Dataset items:
§
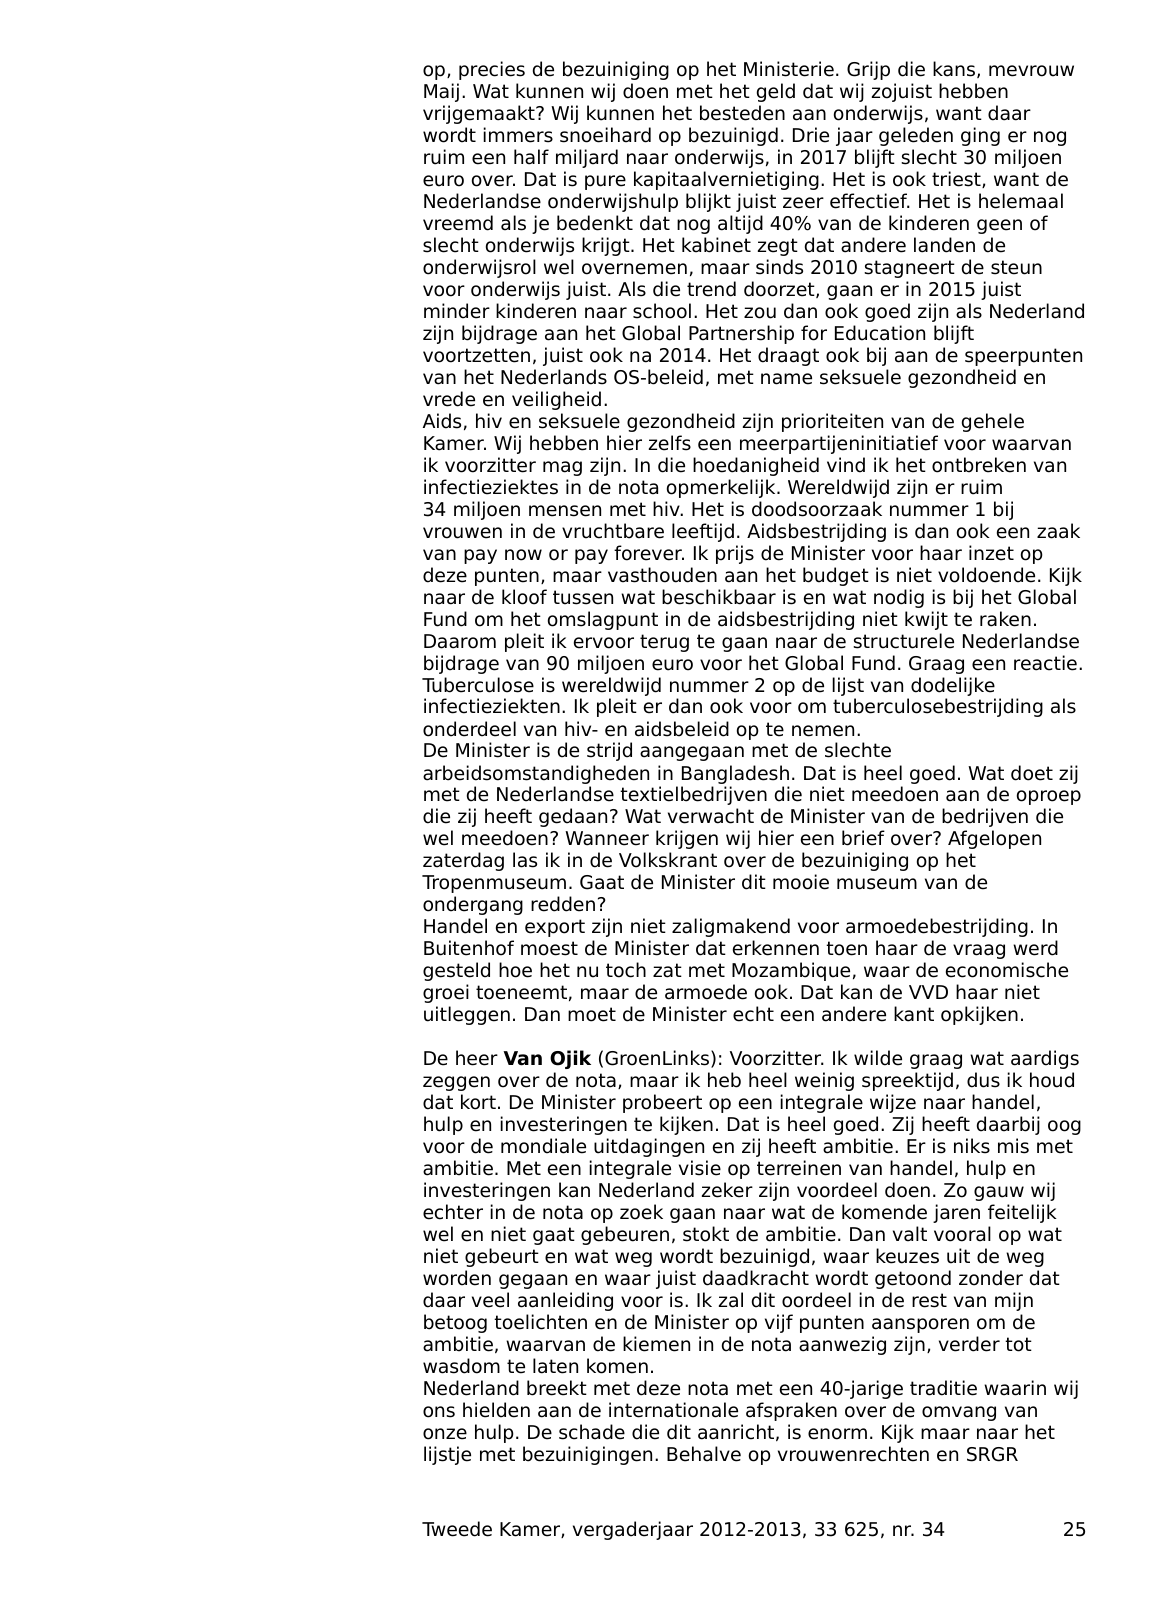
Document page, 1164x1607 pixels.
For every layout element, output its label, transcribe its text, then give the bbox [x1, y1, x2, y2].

text Handel en export zijn niet zaligmakend voor armoedebestrijding. In Buitenhof moest de Minister dat erkennen toen haar de vraag werd gesteld hoe het nu toch zat met Mozambique, waar de economische groei toeneemt, maar de armoede ook. Dat kan de VVD haar niet uitleggen. Dan moet de Minister echt een andere kant opkijken. [422, 916, 1087, 1026]
text De heer Van Ojik (GroenLinks): Voorzitter. Ik wilde graag wat aardigs zeggen over de nota, maar ik heb heel weinig spreektijd, dus ik houd dat kort. De Minister probeert op een integrale wijze naar handel, hulp en investeringen te kijken. Dat is heel goed. Zij heeft daarbij oog voor de mondiale uitdagingen en zij heeft ambitie. Er is niks mis met ambitie. Met een integrale visie op terreinen van handel, hulp en investeringen kan Nederland zeker zijn voordeel doen. Zo gauw wij echter in de nota op zoek gaan naar wat de komende jaren feitelijk wel en niet gaat gebeuren, stokt de ambitie. Dan valt vooral op wat niet gebeurt en wat weg wordt bezuinigd, waar keuzes uit de weg worden gegaan en waar juist daadkracht wordt getoond zonder dat daar veel aanleiding voor is. Ik zal dit oordeel in de rest van mijn betoog toelichten en de Minister op vijf punten aansporen om de ambitie, waarvan de kiemen in de nota aanwezig zijn, verder tot wasdom te laten komen. [422, 1048, 1087, 1378]
text Aids, hiv en seksuele gezondheid zijn prioriteiten van de gehele Kamer. Wij hebben hier zelfs een meerpartijeninitiatief voor waarvan ik voorzitter mag zijn. In die hoedanigheid vind ik het ontbreken van infectieziektes in de nota opmerkelijk. Wereldwijd zijn er ruim 34 miljoen mensen met hiv. Het is doodsoorzaak nummer 1 bij vrouwen in de vruchtbare leeftijd. Aidsbestrijding is dan ook een zaak van pay now or pay forever. Ik prijs de Minister voor haar inzet op deze punten, maar vasthouden aan het budget is niet voldoende. Kijk naar de kloof tussen wat beschikbaar is en wat nodig is bij het Global Fund om het omslagpunt in de aidsbestrijding niet kwijt te raken. Daarom pleit ik ervoor terug te gaan naar de structurele Nederlandse bijdrage van 90 miljoen euro voor het Global Fund. Graag een reactie. Tuberculose is wereldwijd nummer 2 op de lijst van dodelijke infectieziekten. Ik pleit er dan ook voor om tuberculosebestrijding als onderdeel van hiv- en aidsbeleid op te nemen. [422, 411, 1087, 740]
text De Minister is de strijd aangegaan met de slechte arbeidsomstandigheden in Bangladesh. Dat is heel goed. Wat doet zij met de Nederlandse textielbedrijven die niet meedoen aan de oproep die zij heeft gedaan? Wat verwacht de Minister van de bedrijven die wel meedoen? Wanneer krijgen wij hier een brief over? Afgelopen zaterdag las ik in de Volkskrant over de bezuiniging op het Tropenmuseum. Gaat de Minister dit mooie museum van de ondergang redden? [422, 740, 1087, 916]
text op, precies de bezuiniging op het Ministerie. Grijp die kans, mevrouw Maij. Wat kunnen wij doen met het geld dat wij zojuist hebben vrijgemaakt? Wij kunnen het besteden aan onderwijs, want daar wordt immers snoeihard op bezuinigd. Drie jaar geleden ging er nog ruim een half miljard naar onderwijs, in 2017 blijft slecht 30 miljoen euro over. Dat is pure kapitaalvernietiging. Het is ook triest, want de Nederlandse onderwijshulp blijkt juist zeer effectief. Het is helemaal vreemd als je bedenkt dat nog altijd 40% van de kinderen geen of slecht onderwijs krijgt. Het kabinet zegt dat andere landen de onderwijsrol wel overnemen, maar sinds 2010 stagneert de steun voor onderwijs juist. Als die trend doorzet, gaan er in 2015 juist minder kinderen naar school. Het zou dan ook goed zijn als Nederland zijn bijdrage aan het Global Partnership for Education blijft voortzetten, juist ook na 2014. Het draagt ook bij aan de speerpunten van het Nederlands OS-beleid, met name seksuele gezondheid en vrede en veiligheid. [422, 59, 1087, 411]
text Nederland breekt met deze nota met een 40-jarige traditie waarin wij ons hielden aan de internationale afspraken over de omvang van onze hulp. De schade die dit aanricht, is enorm. Kijk maar naar het lijstje met bezuinigingen. Behalve op vrouwenrechten en SRGR [422, 1378, 1087, 1466]
§
Task: Before printing anything, remove the pictures; then print all the records exactly.

Output:
Document page, 1164x1607 pixels.
For every layout element, output its label, transcribe its text, then give the bbox [x1, y1, x2, y2].

text Handel en export zijn niet zaligmakend voor armoedebestrijding. In Buitenhof moest de Minister dat erkennen toen haar de vraag werd gesteld hoe het nu toch zat met Mozambique, waar de economische groei toeneemt, maar de armoede ook. Dat kan de VVD haar niet uitleggen. Dan moet de Minister echt een andere kant opkijken. [422, 916, 1087, 1026]
text De heer Van Ojik (GroenLinks): Voorzitter. Ik wilde graag wat aardigs zeggen over de nota, maar ik heb heel weinig spreektijd, dus ik houd dat kort. De Minister probeert op een integrale wijze naar handel, hulp en investeringen te kijken. Dat is heel goed. Zij heeft daarbij oog voor de mondiale uitdagingen en zij heeft ambitie. Er is niks mis met ambitie. Met een integrale visie op terreinen van handel, hulp en investeringen kan Nederland zeker zijn voordeel doen. Zo gauw wij echter in de nota op zoek gaan naar wat de komende jaren feitelijk wel en niet gaat gebeuren, stokt de ambitie. Dan valt vooral op wat niet gebeurt en wat weg wordt bezuinigd, waar keuzes uit de weg worden gegaan en waar juist daadkracht wordt getoond zonder dat daar veel aanleiding voor is. Ik zal dit oordeel in de rest van mijn betoog toelichten en de Minister op vijf punten aansporen om de ambitie, waarvan de kiemen in de nota aanwezig zijn, verder tot wasdom te laten komen. [422, 1048, 1087, 1378]
text Aids, hiv en seksuele gezondheid zijn prioriteiten van de gehele Kamer. Wij hebben hier zelfs een meerpartijeninitiatief voor waarvan ik voorzitter mag zijn. In die hoedanigheid vind ik het ontbreken van infectieziektes in de nota opmerkelijk. Wereldwijd zijn er ruim 34 miljoen mensen met hiv. Het is doodsoorzaak nummer 1 bij vrouwen in de vruchtbare leeftijd. Aidsbestrijding is dan ook een zaak van pay now or pay forever. Ik prijs de Minister voor haar inzet op deze punten, maar vasthouden aan het budget is niet voldoende. Kijk naar de kloof tussen wat beschikbaar is en wat nodig is bij het Global Fund om het omslagpunt in de aidsbestrijding niet kwijt te raken. Daarom pleit ik ervoor terug te gaan naar de structurele Nederlandse bijdrage van 90 miljoen euro voor het Global Fund. Graag een reactie. Tuberculose is wereldwijd nummer 2 op de lijst van dodelijke infectieziekten. Ik pleit er dan ook voor om tuberculosebestrijding als onderdeel van hiv- en aidsbeleid op te nemen. [422, 411, 1087, 740]
text De Minister is de strijd aangegaan met de slechte arbeidsomstandigheden in Bangladesh. Dat is heel goed. Wat doet zij met de Nederlandse textielbedrijven die niet meedoen aan de oproep die zij heeft gedaan? Wat verwacht de Minister van de bedrijven die wel meedoen? Wanneer krijgen wij hier een brief over? Afgelopen zaterdag las ik in de Volkskrant over de bezuiniging op het Tropenmuseum. Gaat de Minister dit mooie museum van de ondergang redden? [422, 740, 1087, 916]
text op, precies de bezuiniging op het Ministerie. Grijp die kans, mevrouw Maij. Wat kunnen wij doen met het geld dat wij zojuist hebben vrijgemaakt? Wij kunnen het besteden aan onderwijs, want daar wordt immers snoeihard op bezuinigd. Drie jaar geleden ging er nog ruim een half miljard naar onderwijs, in 2017 blijft slecht 30 miljoen euro over. Dat is pure kapitaalvernietiging. Het is ook triest, want de Nederlandse onderwijshulp blijkt juist zeer effectief. Het is helemaal vreemd als je bedenkt dat nog altijd 40% van de kinderen geen of slecht onderwijs krijgt. Het kabinet zegt dat andere landen de onderwijsrol wel overnemen, maar sinds 2010 stagneert de steun voor onderwijs juist. Als die trend doorzet, gaan er in 2015 juist minder kinderen naar school. Het zou dan ook goed zijn als Nederland zijn bijdrage aan het Global Partnership for Education blijft voortzetten, juist ook na 2014. Het draagt ook bij aan de speerpunten van het Nederlands OS-beleid, met name seksuele gezondheid en vrede en veiligheid. [422, 59, 1087, 411]
text Nederland breekt met deze nota met een 40-jarige traditie waarin wij ons hielden aan de internationale afspraken over de omvang van onze hulp. De schade die dit aanricht, is enorm. Kijk maar naar het lijstje met bezuinigingen. Behalve op vrouwenrechten en SRGR [422, 1378, 1087, 1466]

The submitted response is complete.